Task requirements:
Set down, word for word, only the lines from the start of the records through the line bearing "http://opensource.org/licenses/MIT>, at your"; include no pictures.
-- Listed records follows --
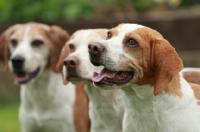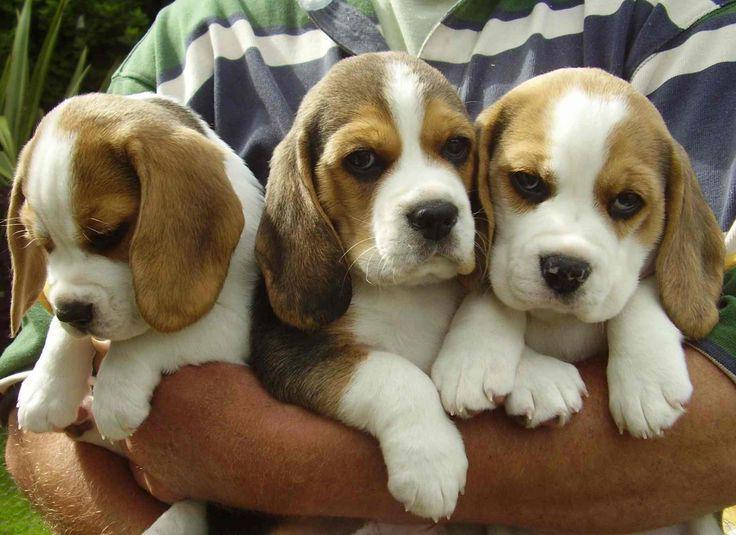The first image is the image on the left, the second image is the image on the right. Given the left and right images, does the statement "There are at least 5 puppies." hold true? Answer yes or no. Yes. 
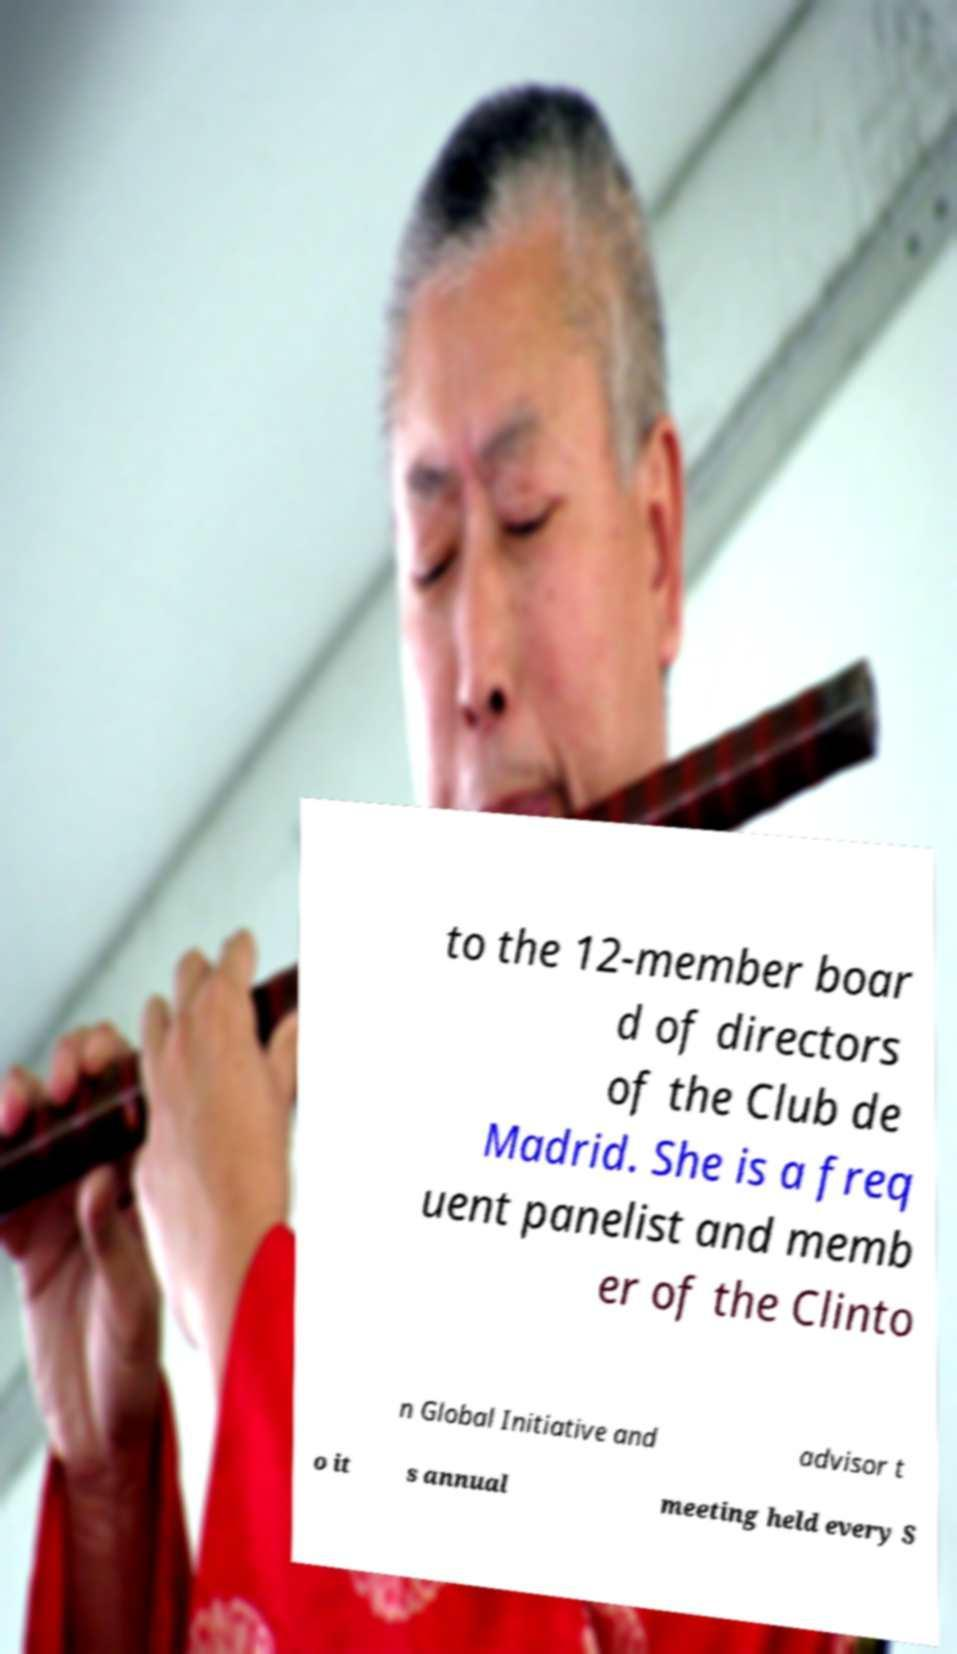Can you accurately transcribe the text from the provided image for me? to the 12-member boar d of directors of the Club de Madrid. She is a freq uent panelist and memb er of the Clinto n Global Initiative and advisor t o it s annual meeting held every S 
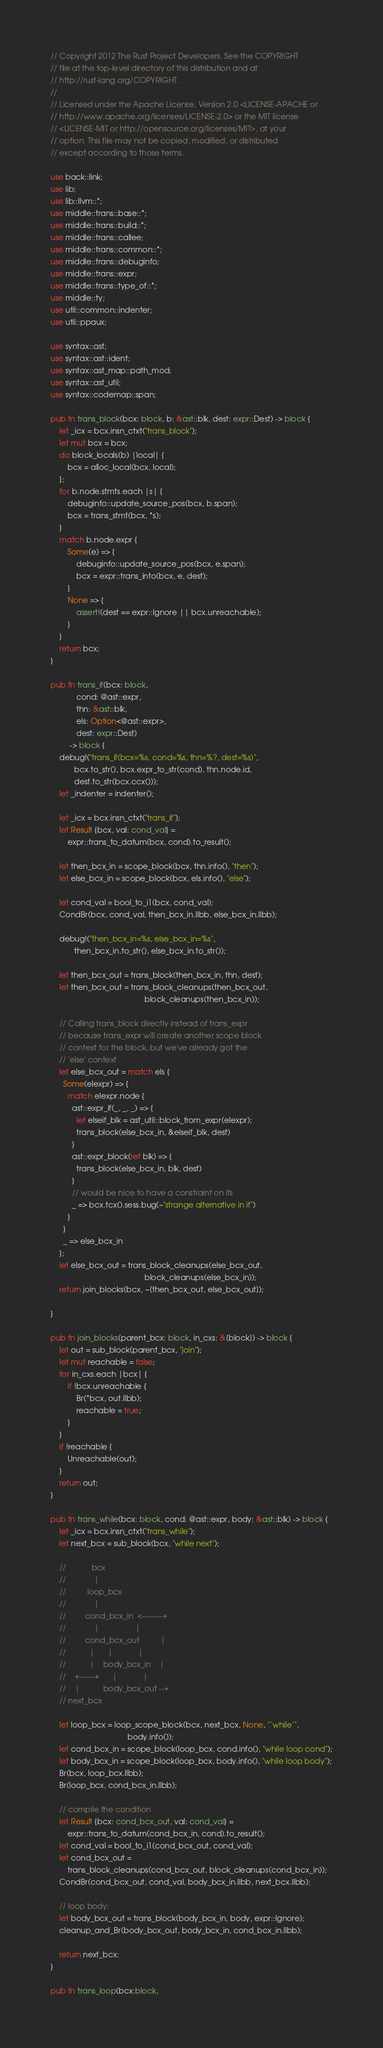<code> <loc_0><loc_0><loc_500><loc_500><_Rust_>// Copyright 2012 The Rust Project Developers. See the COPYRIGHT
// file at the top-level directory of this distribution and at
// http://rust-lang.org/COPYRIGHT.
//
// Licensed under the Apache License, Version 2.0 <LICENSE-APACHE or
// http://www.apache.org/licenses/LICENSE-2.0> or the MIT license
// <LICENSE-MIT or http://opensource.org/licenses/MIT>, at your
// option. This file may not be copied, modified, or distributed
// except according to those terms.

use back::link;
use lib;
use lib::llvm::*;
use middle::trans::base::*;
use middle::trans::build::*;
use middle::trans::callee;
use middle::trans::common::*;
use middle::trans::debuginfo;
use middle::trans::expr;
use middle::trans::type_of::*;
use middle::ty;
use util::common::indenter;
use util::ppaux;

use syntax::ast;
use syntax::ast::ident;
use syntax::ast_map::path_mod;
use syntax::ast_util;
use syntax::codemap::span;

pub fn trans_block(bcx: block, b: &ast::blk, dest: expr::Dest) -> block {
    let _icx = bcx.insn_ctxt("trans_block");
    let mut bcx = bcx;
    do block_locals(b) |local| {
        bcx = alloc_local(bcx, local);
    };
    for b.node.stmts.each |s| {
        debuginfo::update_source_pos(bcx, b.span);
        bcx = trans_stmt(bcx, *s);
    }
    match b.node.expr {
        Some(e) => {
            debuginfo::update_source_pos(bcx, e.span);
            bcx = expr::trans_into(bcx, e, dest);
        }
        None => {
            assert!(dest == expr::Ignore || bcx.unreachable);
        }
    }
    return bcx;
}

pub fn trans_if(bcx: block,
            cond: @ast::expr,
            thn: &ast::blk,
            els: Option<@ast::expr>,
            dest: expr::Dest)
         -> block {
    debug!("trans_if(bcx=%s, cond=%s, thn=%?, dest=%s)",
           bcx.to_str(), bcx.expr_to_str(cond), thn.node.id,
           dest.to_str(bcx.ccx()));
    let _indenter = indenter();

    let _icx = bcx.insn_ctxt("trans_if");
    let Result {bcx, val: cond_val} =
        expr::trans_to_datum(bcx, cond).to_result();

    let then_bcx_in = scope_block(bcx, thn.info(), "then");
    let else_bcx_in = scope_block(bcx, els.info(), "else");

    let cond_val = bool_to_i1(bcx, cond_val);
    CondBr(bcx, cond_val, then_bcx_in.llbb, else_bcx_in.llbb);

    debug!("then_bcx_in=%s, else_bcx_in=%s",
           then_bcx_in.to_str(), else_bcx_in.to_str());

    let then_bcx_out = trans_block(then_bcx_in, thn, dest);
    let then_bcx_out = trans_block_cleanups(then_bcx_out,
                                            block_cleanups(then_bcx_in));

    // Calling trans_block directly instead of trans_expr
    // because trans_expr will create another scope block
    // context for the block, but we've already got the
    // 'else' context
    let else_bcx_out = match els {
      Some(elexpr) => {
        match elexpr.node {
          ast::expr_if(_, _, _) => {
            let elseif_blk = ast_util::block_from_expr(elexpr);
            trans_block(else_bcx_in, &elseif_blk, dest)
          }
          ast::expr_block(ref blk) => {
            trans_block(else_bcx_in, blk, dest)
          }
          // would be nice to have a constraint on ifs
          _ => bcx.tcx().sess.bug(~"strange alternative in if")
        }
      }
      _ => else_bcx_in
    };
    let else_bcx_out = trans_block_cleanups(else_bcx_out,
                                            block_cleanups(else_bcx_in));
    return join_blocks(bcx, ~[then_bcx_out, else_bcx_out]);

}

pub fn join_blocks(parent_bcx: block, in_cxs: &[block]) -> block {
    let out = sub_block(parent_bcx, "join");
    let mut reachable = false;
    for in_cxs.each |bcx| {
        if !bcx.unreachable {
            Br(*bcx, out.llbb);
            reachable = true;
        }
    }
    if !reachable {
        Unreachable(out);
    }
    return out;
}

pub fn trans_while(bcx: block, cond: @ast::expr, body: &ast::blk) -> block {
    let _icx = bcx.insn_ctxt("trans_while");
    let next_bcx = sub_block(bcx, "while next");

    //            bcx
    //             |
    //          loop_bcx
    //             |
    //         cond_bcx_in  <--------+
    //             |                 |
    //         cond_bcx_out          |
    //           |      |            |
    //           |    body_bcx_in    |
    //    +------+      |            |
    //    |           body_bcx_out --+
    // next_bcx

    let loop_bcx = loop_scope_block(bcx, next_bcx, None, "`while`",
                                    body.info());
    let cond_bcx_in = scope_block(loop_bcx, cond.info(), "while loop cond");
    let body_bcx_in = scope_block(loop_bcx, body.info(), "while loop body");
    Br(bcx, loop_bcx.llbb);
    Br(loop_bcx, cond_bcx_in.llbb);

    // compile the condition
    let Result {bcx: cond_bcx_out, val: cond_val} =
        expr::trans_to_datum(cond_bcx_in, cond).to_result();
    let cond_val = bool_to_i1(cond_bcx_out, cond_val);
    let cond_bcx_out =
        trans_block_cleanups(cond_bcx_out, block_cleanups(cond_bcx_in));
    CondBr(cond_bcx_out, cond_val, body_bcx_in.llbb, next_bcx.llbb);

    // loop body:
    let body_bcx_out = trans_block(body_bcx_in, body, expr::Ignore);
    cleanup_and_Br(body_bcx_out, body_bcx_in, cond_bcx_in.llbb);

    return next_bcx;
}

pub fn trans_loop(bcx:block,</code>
-- Listed records concluded --
Completed exercise:
The first image is the image on the left, the second image is the image on the right. Given the left and right images, does the statement "There are at least 5 puppies." hold true? Answer yes or no. Yes. 
Can you accurately transcribe the text from the provided image for me? to the 12-member boar d of directors of the Club de Madrid. She is a freq uent panelist and memb er of the Clinto n Global Initiative and advisor t o it s annual meeting held every S 
<code> <loc_0><loc_0><loc_500><loc_500><_Rust_>// Copyright 2012 The Rust Project Developers. See the COPYRIGHT
// file at the top-level directory of this distribution and at
// http://rust-lang.org/COPYRIGHT.
//
// Licensed under the Apache License, Version 2.0 <LICENSE-APACHE or
// http://www.apache.org/licenses/LICENSE-2.0> or the MIT license
// <LICENSE-MIT or http://opensource.org/licenses/MIT>, at your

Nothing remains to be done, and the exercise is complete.